In Instance B, I added the above created AI Agent as an external agent(secondary agent) using the A2A Protocol by giving the Agent Card URL of above created AI Agent. During the external agent setup, it was able to discover the above created AI Agent and its been activated and I configured API key as the authentication mechanism. Note: In Instance B, in the AI Agent Studio Settings the "Allow third party to access ServiceNow AI Agents" is enabled.
However, when I attempt to test or invoke this external AI Agent from Instance B from testing playground, the execution is being cancelled, and the AI Agent displays this message "Sorry, there was a problem on my side trying to complete this request.

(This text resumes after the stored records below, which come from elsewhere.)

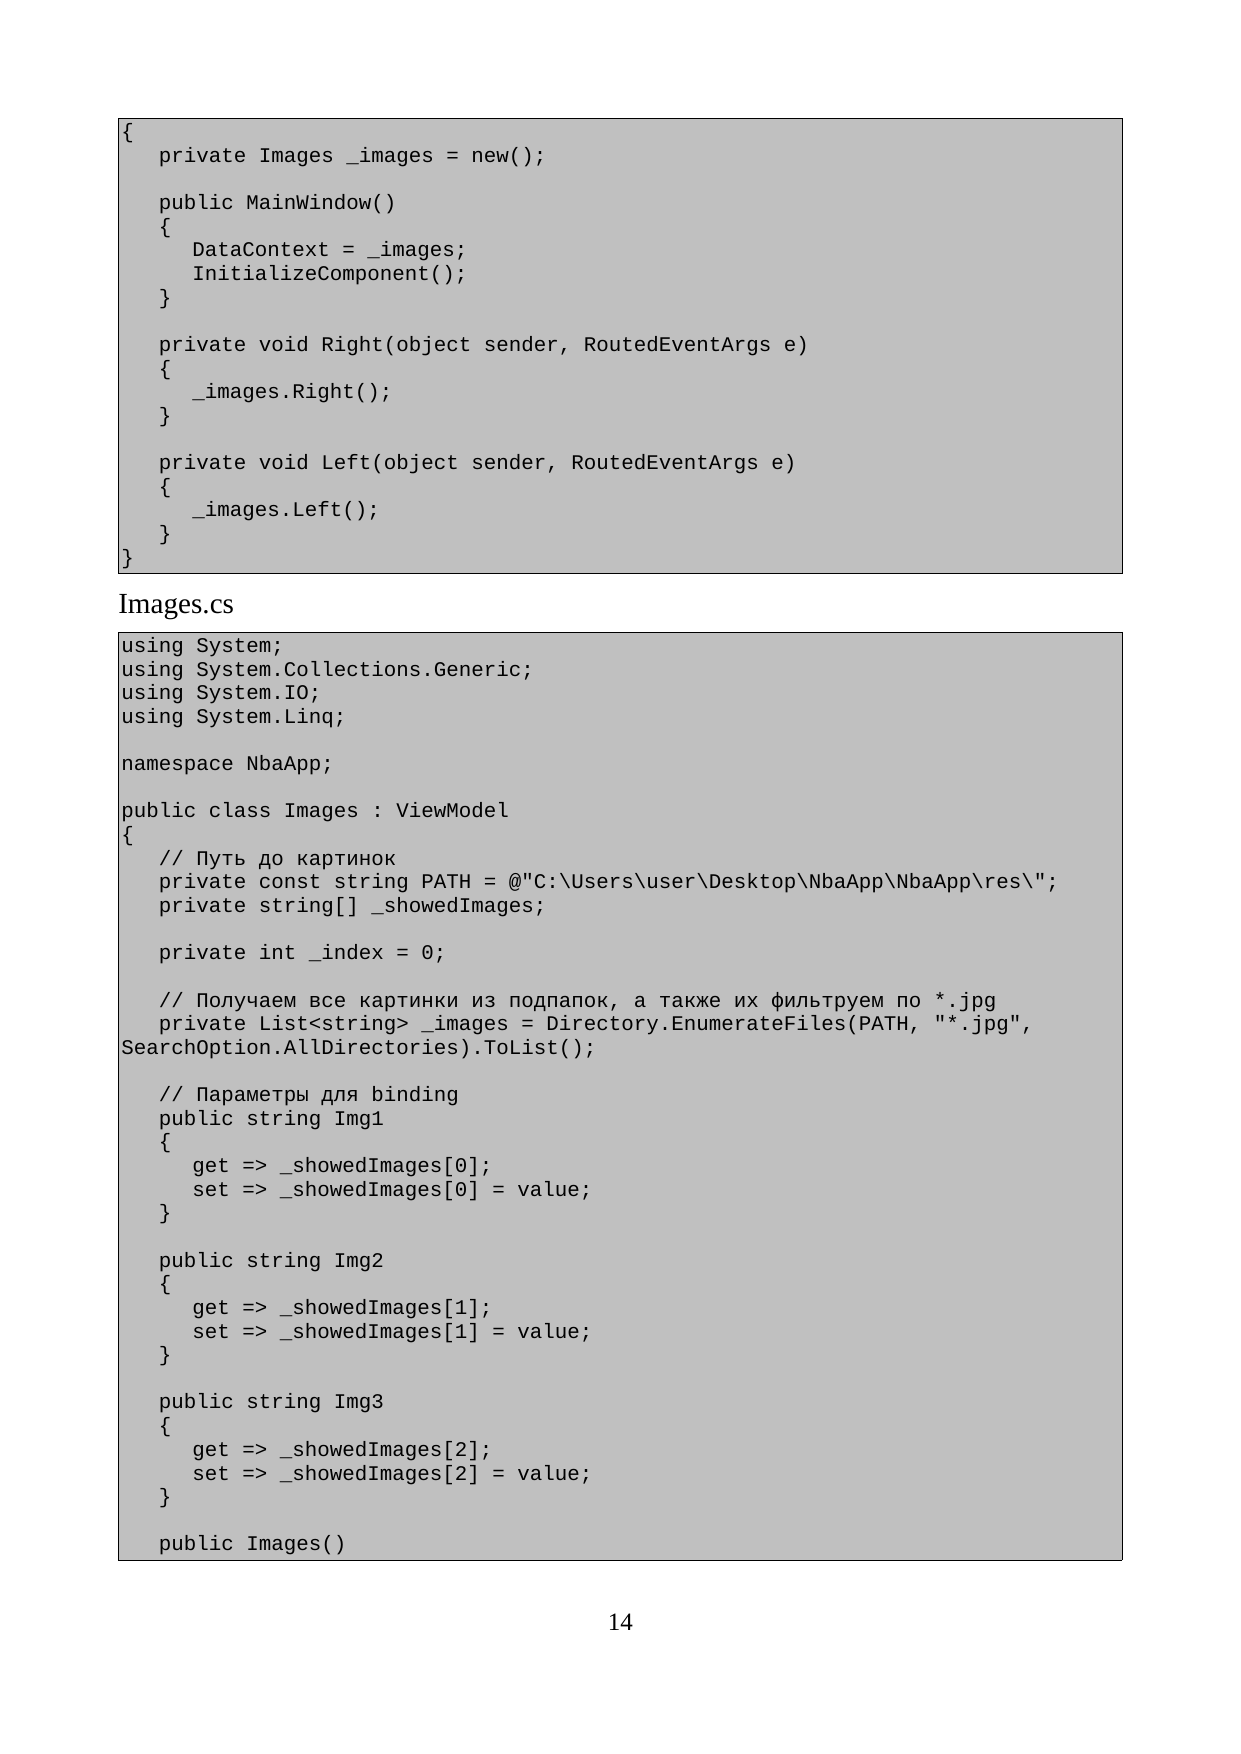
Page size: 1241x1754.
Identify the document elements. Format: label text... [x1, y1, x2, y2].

text private Images _images = new(); [119, 142, 1122, 165]
text } [119, 544, 1122, 573]
text get => _showedImages[0]; [119, 1152, 1122, 1176]
text // Параметры для binding [119, 1081, 1122, 1105]
text // Путь до картинок [119, 845, 1122, 868]
text public MainWindow() [119, 189, 1122, 213]
text // Получаем все картинки из подпапок, а также их фильтруем по *.jpg [119, 987, 1122, 1010]
text public string Img1 [119, 1105, 1122, 1128]
text { [119, 119, 1122, 142]
text { [119, 473, 1122, 496]
text } [119, 1341, 1122, 1365]
text } [119, 284, 1122, 307]
text { [119, 1412, 1122, 1436]
text private int _index = 0; [119, 939, 1122, 963]
text } [119, 520, 1122, 544]
text get => _showedImages[1]; [119, 1294, 1122, 1318]
text public string Img3 [119, 1388, 1122, 1412]
text public string Img2 [119, 1247, 1122, 1270]
text _images.Left(); [119, 496, 1122, 520]
text public Images() [119, 1530, 1122, 1560]
text private List<string> _images = Directory.EnumerateFiles(PATH, "*.jpg", SearchOption.AllDirectories).ToList(); [119, 1010, 1122, 1057]
text using System.Collections.Generic; [119, 656, 1122, 679]
text private void Right(object sender, RoutedEventArgs e) [119, 331, 1122, 354]
text using System; [119, 633, 1122, 656]
text using System.Linq; [119, 703, 1122, 726]
text namespace NbaApp; [119, 750, 1122, 774]
text } [119, 1199, 1122, 1223]
text get => _showedImages[2]; [119, 1436, 1122, 1459]
text _images.Right(); [119, 378, 1122, 402]
text { [119, 1128, 1122, 1152]
text { [119, 821, 1122, 845]
text public class Images : ViewModel [119, 797, 1122, 821]
text set => _showedImages[0] = value; [119, 1176, 1122, 1199]
text Images.cs [118, 586, 1122, 619]
text private string[] _showedImages; [119, 892, 1122, 916]
text using System.IO; [119, 679, 1122, 703]
text set => _showedImages[2] = value; [119, 1459, 1122, 1483]
text private const string PATH = @"C:\Users\user\Desktop\NbaApp\NbaApp\res\"; [119, 868, 1122, 892]
text } [119, 1483, 1122, 1507]
text private void Left(object sender, RoutedEventArgs e) [119, 449, 1122, 473]
text InitializeComponent(); [119, 260, 1122, 284]
text { [119, 213, 1122, 236]
text } [119, 402, 1122, 426]
text { [119, 354, 1122, 378]
text { [119, 1270, 1122, 1294]
text DataContext = _images; [119, 236, 1122, 260]
text set => _showedImages[1] = value; [119, 1318, 1122, 1341]
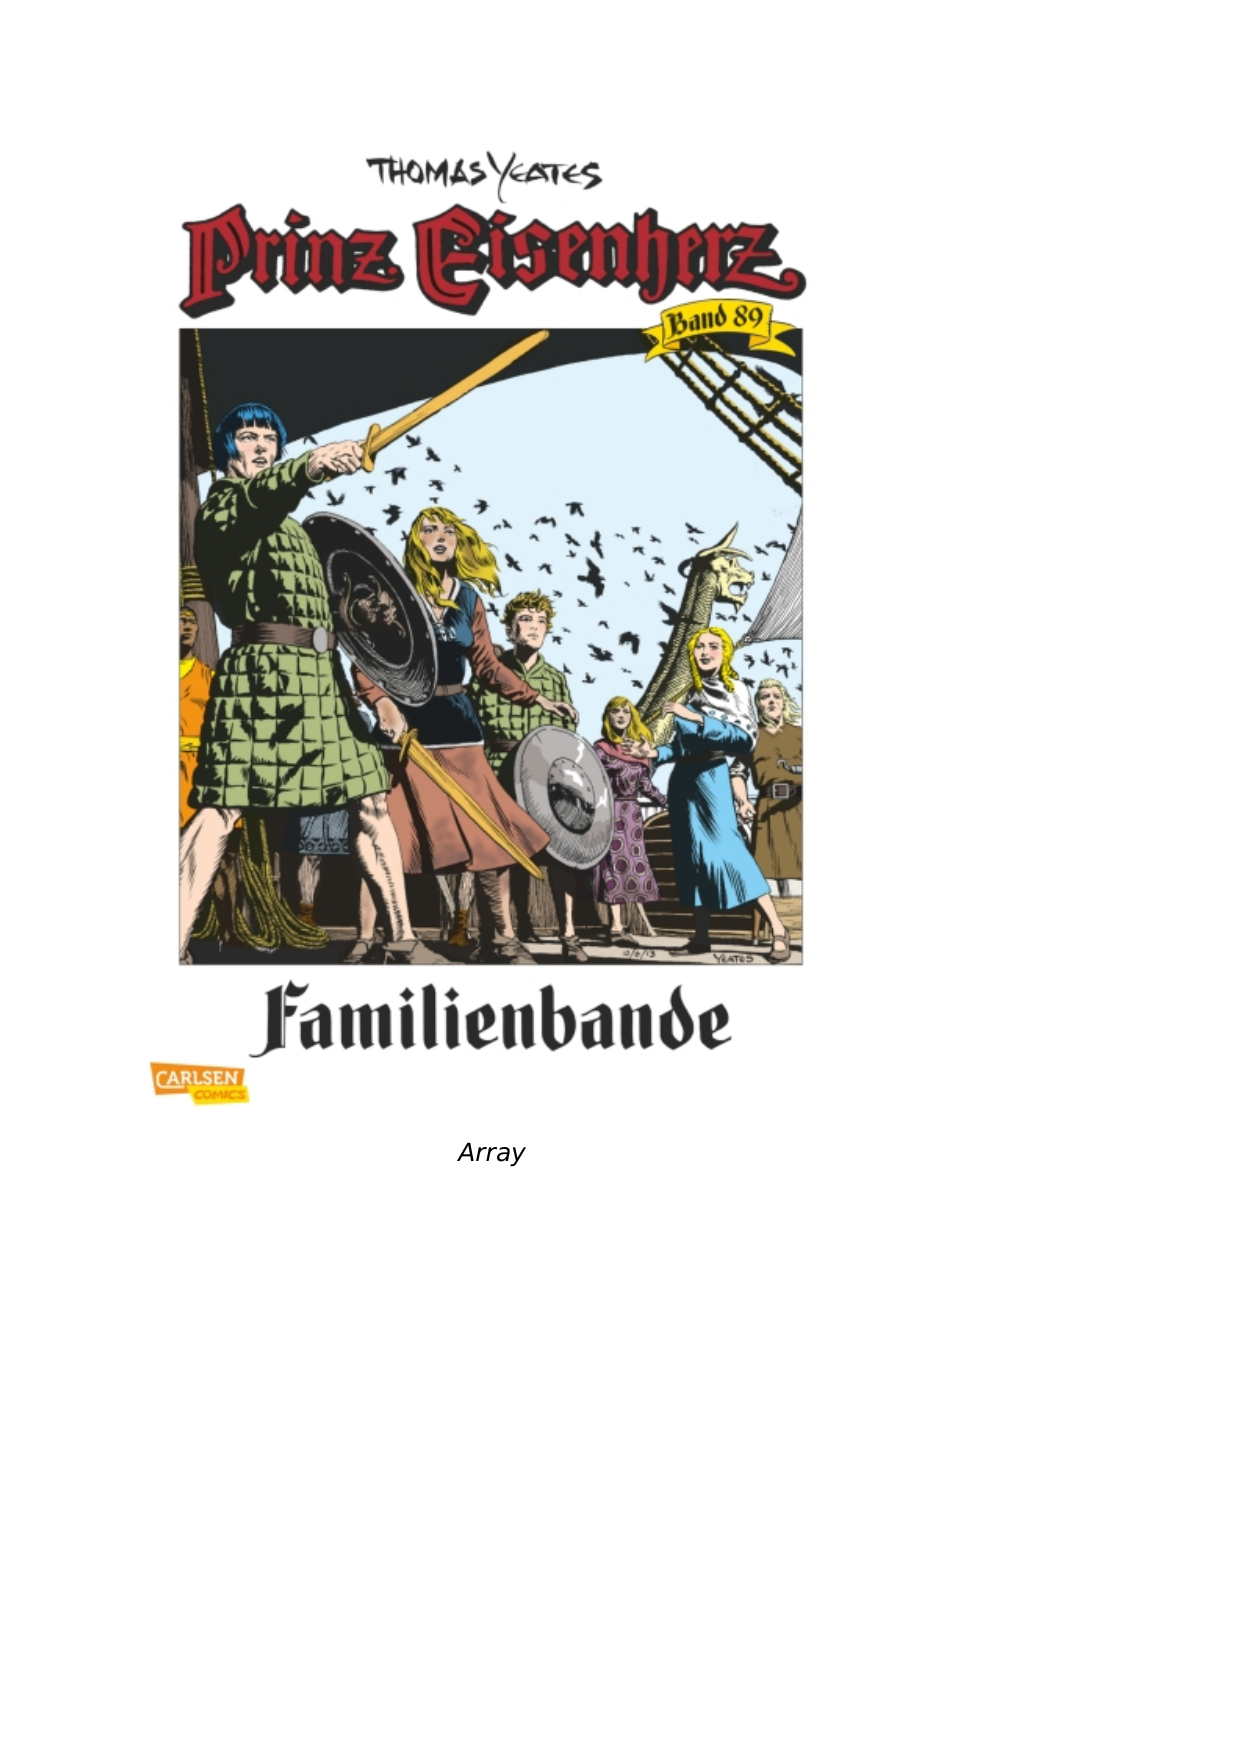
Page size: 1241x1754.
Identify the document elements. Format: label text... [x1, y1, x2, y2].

picture [118, 130, 869, 1139]
text [118, 118, 1122, 1168]
text Array [118, 1139, 868, 1168]

Try asking again later."
I have included a screenshot below for your reference, which shows that agent execution was cancelled and with the message displayed by the AI Agent.
I have also included the Instance Specifications below
Instance A
Platform Version : Zurich Patch 4
Application Version : Now Assist AI Agents, Version 6.0.23
Instance B
Platform Version : Yokohama Patch 11
Application Version : Now Assist AI Agents, Version 6.0.23
Could you help me understand why the execution is being cancelled and help me in resolving this issue and also you can let me know whether there are any additional configurations, permissions, or prerequisites to be followed.
Thank you for your support in advance and please keep me notified if any further details required.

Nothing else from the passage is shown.